Марина вдруг увидела кое-кого, кто во время всего заседания не проронил ни слова, а только смотрел в пустоту, в одну точку, так, словно оттуда вещал невидимый голосовой помощник, который должен был разъяснить, как дальше жить. Женщина с белым лицом, глазами с поволокой и с короткой мелированной стрижкой. Жена. Это Марина поняла без слов: всё и так было ясно – по тому, как она вслушивается в реплики обвинения и защиты, держит сжатыми руки на каком-то предмете на коленях (не то кепке, не то пакете с чем-то), слушает – и боится поднять глаза на мужа, лишь иногда они переглядываются друг с другом…

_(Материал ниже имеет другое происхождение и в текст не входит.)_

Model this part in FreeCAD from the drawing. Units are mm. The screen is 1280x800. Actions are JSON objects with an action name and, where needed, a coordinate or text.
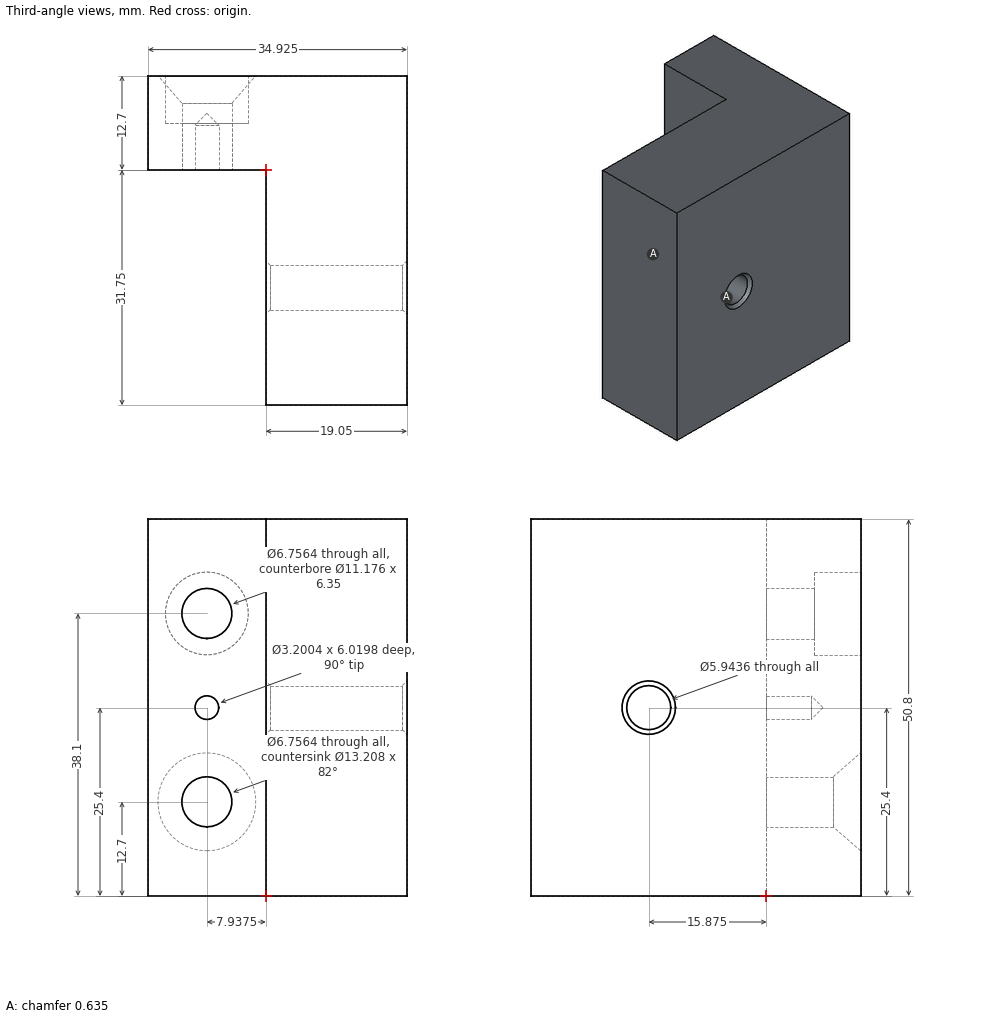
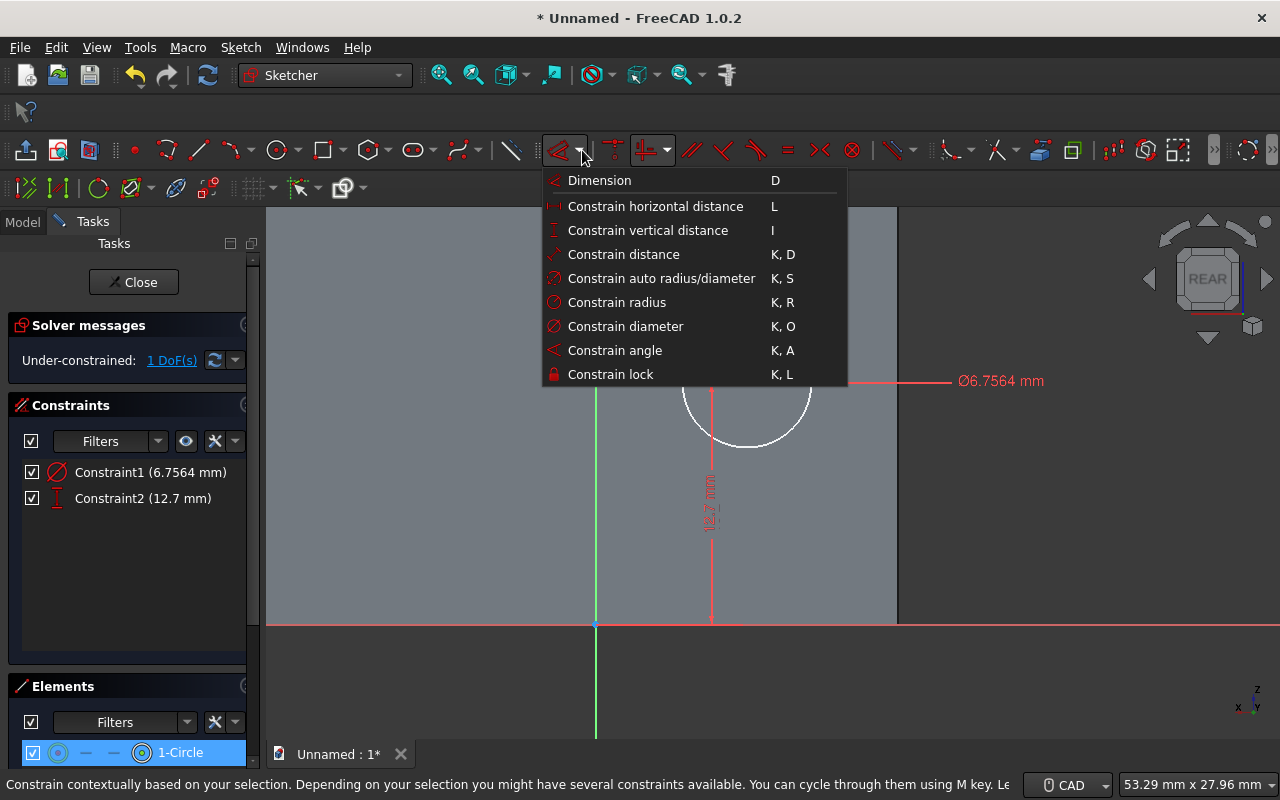
{"action": "left_click", "coordinate": [695, 206]}

Марина – теперь – ее прекрасно понимала.

– Подсудимый, согласны с доводами обвинения?

Если подумать, идиотский вопрос. Кто согласится сидеть в душной камере изолятора, где днем жарко, а ночью холодно? А в «Лефортово», где держали Матвеева, еще и все удобства располагаются прямо в камере, не отделенные от жилой зоны ничем, кроме холодного воркутинского ветра, который уже задувает в окна сидельцев.

– Нет, Ваша честь. Даже если бы обвинители не занимались мелким наперстничеством.

– Обвиняемый! – строго одернула его Марина, но он продолжал, не обращая на нее внимания.

– Особенно с тем, что я намерен уехать в Израиль. Наверно, обвинители на моем месте так бы и поступили, но я бы так не сделал, даже если бы мой паспорт и не лежал у следователей. В моих же интересах доказать, что обвинение настолько нелепо и абсурдно, что мне странно слышать то, о чем говорит подполковник Уланов.

– Скрываться не намерены?

– Хороший вопрос. Не знаю. Хотел бы я, чтобы некие «связи в правительстве», о которых говорит следователь, мне помогли, – но я сам впервые о них слышу.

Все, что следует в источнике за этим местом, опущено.